DATA FOR THE TASK:
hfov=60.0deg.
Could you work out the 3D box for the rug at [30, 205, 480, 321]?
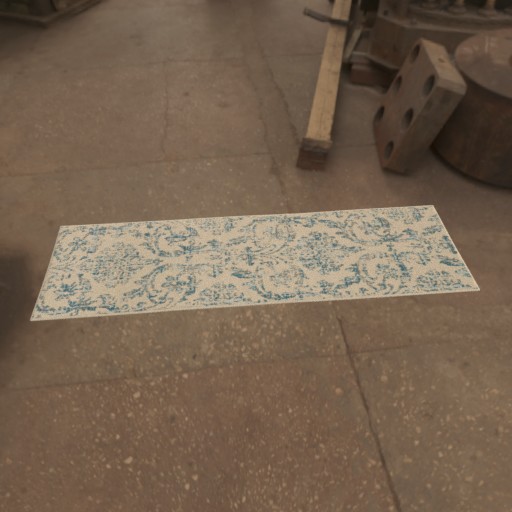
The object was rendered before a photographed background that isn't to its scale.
[{"bbox_3d":[0.000,0.000,2.379,2.196,0.011,0.662,-4,47,-3],"label":"rug"}]
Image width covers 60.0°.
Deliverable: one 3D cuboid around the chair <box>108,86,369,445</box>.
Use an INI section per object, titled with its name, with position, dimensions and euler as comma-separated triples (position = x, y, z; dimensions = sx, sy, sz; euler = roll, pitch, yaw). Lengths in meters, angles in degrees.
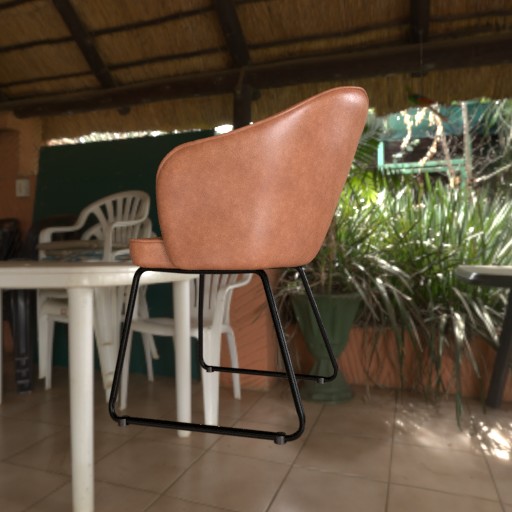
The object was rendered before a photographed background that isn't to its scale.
[chair]
position = 0.000, 0.000, 1.183
dimensions = 0.580, 0.785, 0.582
euler = 0, 1, 18
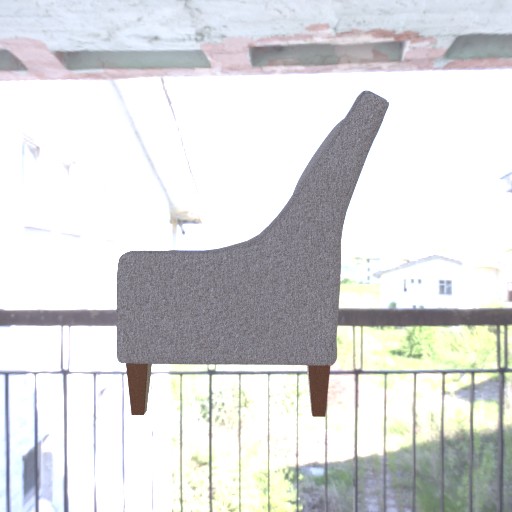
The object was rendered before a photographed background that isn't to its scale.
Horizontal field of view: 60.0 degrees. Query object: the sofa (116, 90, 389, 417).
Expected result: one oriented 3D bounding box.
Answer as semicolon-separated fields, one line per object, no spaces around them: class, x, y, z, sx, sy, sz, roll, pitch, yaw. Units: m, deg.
sofa;0.000;0.000;1.982;0.862;1.026;1.242;0;-1;1
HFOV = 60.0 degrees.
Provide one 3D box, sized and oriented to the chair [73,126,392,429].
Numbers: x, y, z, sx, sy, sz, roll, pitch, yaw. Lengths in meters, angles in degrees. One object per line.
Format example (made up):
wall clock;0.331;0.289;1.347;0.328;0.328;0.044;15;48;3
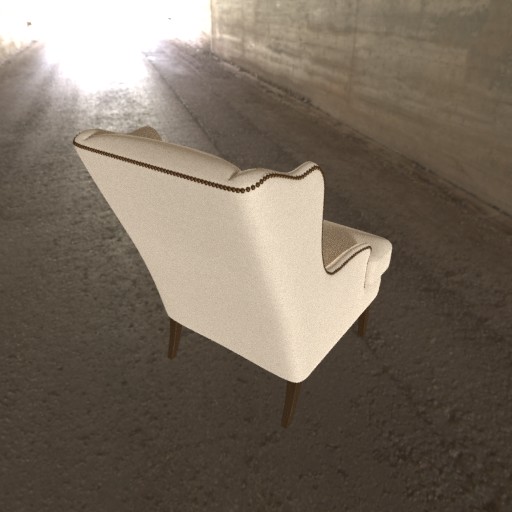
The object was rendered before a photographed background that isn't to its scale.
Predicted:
chair;0.000;0.000;1.673;0.737;1.029;0.940;21;36;32
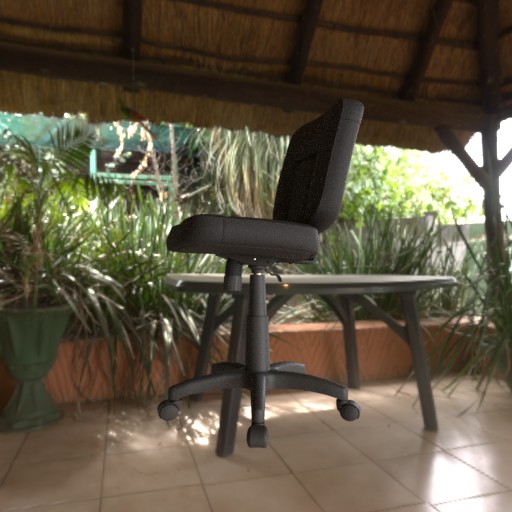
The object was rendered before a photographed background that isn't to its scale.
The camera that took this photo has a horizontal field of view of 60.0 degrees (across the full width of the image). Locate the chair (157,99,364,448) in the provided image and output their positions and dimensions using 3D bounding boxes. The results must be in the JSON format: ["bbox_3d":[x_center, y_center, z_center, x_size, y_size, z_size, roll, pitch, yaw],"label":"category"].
[{"bbox_3d":[0.000,0.000,1.407,0.610,0.972,0.610,0,-1,-18],"label":"chair"}]
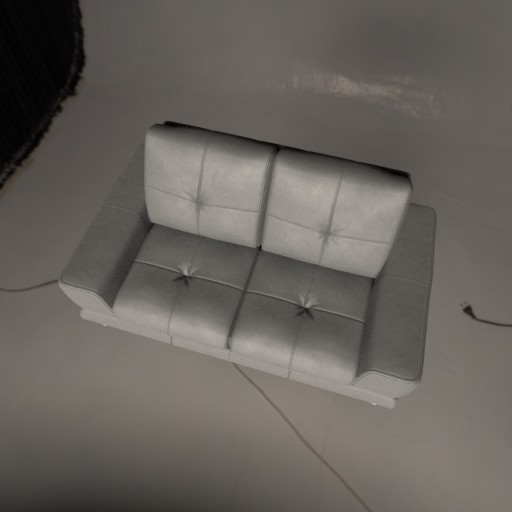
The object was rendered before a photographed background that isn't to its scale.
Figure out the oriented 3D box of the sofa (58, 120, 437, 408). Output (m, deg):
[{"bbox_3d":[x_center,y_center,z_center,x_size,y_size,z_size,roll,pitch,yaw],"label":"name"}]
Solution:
[{"bbox_3d":[0.000,0.000,2.360,1.806,0.907,1.018,14,60,8],"label":"sofa"}]
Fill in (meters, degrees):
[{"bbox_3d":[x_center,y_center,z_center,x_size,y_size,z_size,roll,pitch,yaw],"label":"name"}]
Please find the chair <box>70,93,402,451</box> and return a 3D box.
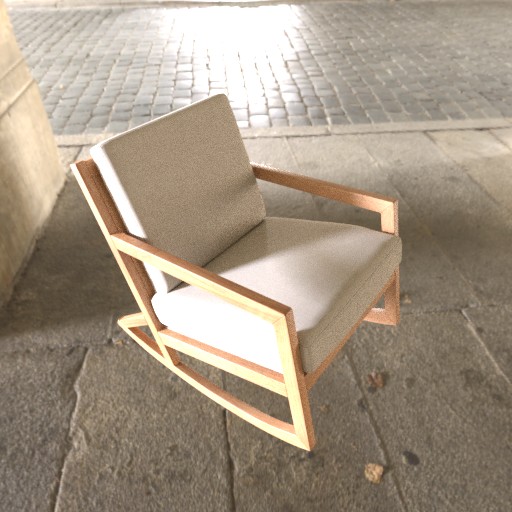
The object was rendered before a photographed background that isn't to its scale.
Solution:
[{"bbox_3d":[0.000,0.000,1.453,0.857,0.790,0.622,26,46,28],"label":"chair"}]
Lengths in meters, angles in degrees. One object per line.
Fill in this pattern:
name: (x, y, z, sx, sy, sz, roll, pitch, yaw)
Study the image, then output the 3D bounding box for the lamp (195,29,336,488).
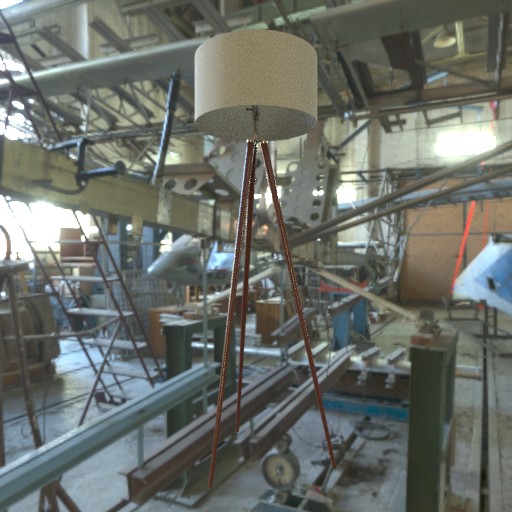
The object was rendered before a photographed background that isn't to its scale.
lamp: (0.000, 0.000, 1.758, 0.483, 1.553, 0.483, 0, 0, -18)
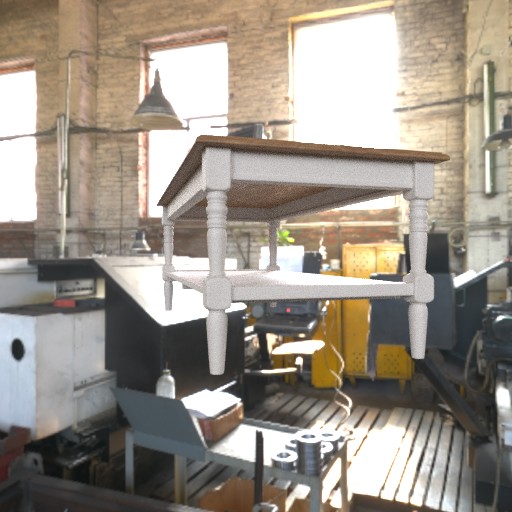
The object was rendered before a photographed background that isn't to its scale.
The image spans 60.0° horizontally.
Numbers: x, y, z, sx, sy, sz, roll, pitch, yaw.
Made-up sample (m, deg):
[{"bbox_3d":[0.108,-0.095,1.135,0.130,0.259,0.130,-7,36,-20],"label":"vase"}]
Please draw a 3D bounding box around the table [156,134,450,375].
[{"bbox_3d":[0.000,0.000,1.428,0.559,0.458,1.118,0,0,-16],"label":"table"}]
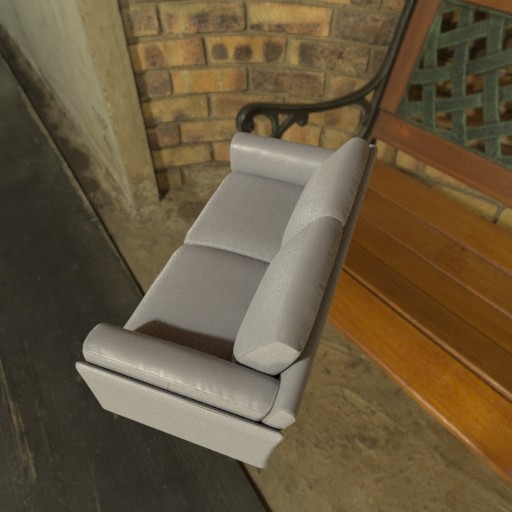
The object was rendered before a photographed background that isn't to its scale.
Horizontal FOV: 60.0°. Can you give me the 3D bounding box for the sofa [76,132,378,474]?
[{"bbox_3d":[0.000,0.000,2.666,1.049,0.930,2.101,15,48,14],"label":"sofa"}]

WHAT YOU WILL DO:
Precisely those lines above that run from the line with "Could you work" up to and including the line with "Deliverable: one 3D" are to be set down, with the pictures omitted.

FINISHED EXERCISE:
Could you work out the 3D box for the rug at [30, 205, 480, 321]?
The object was rendered before a photographed background that isn't to its scale.
[{"bbox_3d":[0.000,0.000,2.379,2.196,0.011,0.662,-4,47,-3],"label":"rug"}]
Image width covers 60.0°.
Deliverable: one 3D cuboid around the chair <box>108,86,369,445</box>.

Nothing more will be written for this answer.